Thomas Rifé, que escribió un libro extraordinario llamado Navidad en Japón, me dijo que ir a Japón es ir más al pasado que al futuro. Hay un punto en el que acierta: toda la tecnología es un poco obsoleta, los procedimientos son por lo general burocráticos, todo es pesado, de acero, las personas son gentiles y sienten vergüenza de la deshonestidad, se respeta a los ancianos, la palabra pesa, el pasado existe, etc. Pero en otro punto, si bien su tecnología es ya un poco rancia, Japón es el futuro: los adultos leen manga, los nacimientos decrecen y todos tienen sus pequeños fanatismos nostálgicos de la infancia, en general representados en muñequitos de peluche que cuelgan de cierres de carteras o mochilas, el paradigma de belleza es andrógino, todos viven pendientes de catástrofes naturales porque saben que en el fondo no pasa nada. Una sociedad que como siempre miró al pasado ya no espera demasiado del futuro y empieza a consumirse como una flor de cerezo sobre las brasas.

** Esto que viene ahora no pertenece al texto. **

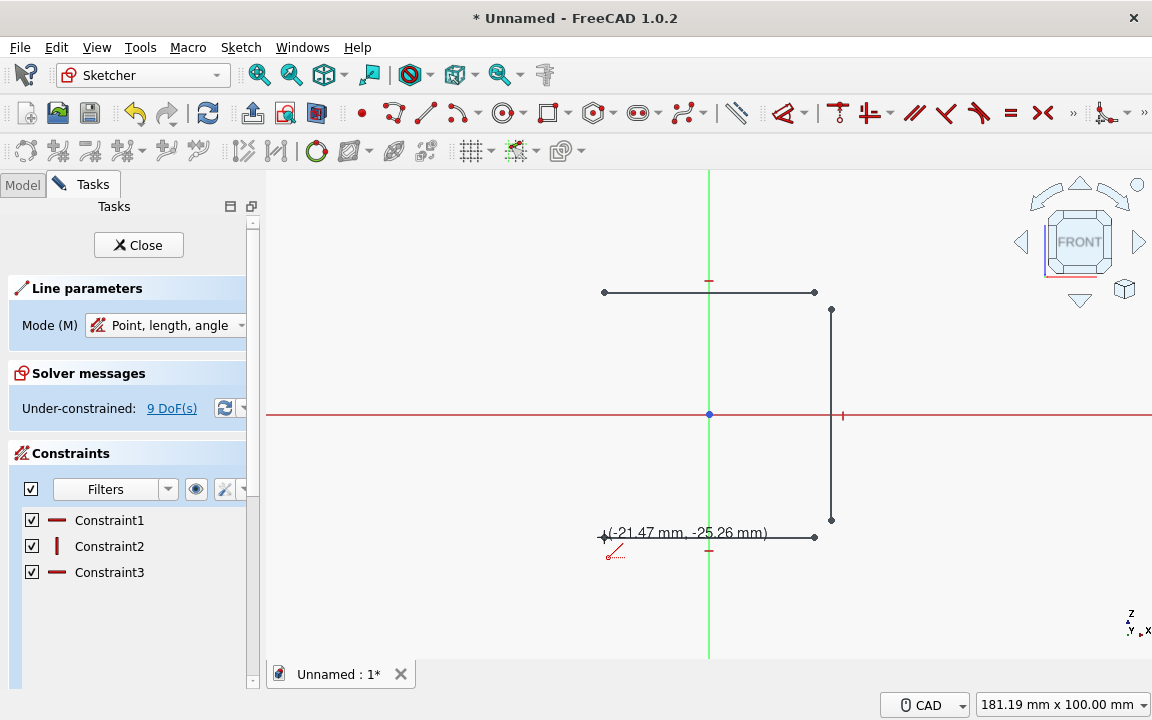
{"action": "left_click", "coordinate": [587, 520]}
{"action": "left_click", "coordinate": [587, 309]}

En Argentina pasa algo demográficamente parecido. Quizás faltó el milagro económico, el mercado interno, la industrialización pesada, la soberanía, la burguesía nacionalista. Pero hubo atisbos de todo eso que permanecen como latencias. Así que esas no son las principales diferencias. Cuando uno enfrenta a un país como Japón hay dos opciones: venerarlo por lo diferente que es al país propio, despreciarlo por sus carencias frente a otros paradigmas civilizatorios o intentar interpretarlo desde el propio país. Con Japón me pasa algo similar que con Estados Unidos: no lo venero aunque su paradigma me parece ética y ontológicamente superior al tipo de modernidad prometida por Europa y por China. Y Japón me parece aún más rico para la comparación porque hay cosas que son inversamente opuestas a lo que sucede con Argentina, de un modo casi simétrico. Voy a empezar por las dos que intenté describir: la historia de Argentina no se basa en el aislamiento sino en el contrabando. La identidad Argentina no se basa en la pureza sino en la simulación. La respuesta Argentina a lo foráneo no es la adaptación pervertida sino la búsqueda del fundamento y su instantánea vejación irónica. En Argentina no importan los roles sino la capacidad de desplazamiento entre papeles sociales. Estas no son características culturales sino formas estructurales de los procesos de socialización, históricamente determinados, con funcionamientos contingentes. Y por eso mismo son modificables con las herramientas institucionales adecuadas. En los próximos textos voy a profundizar en la utilidad del estructural funcionalismo para comprender a la política japonesa y a la argentina, como así también a su relación con el territorio y la productividad. //// DB

Disclaimer. Contenido libre de financiación del Departamento de Estado.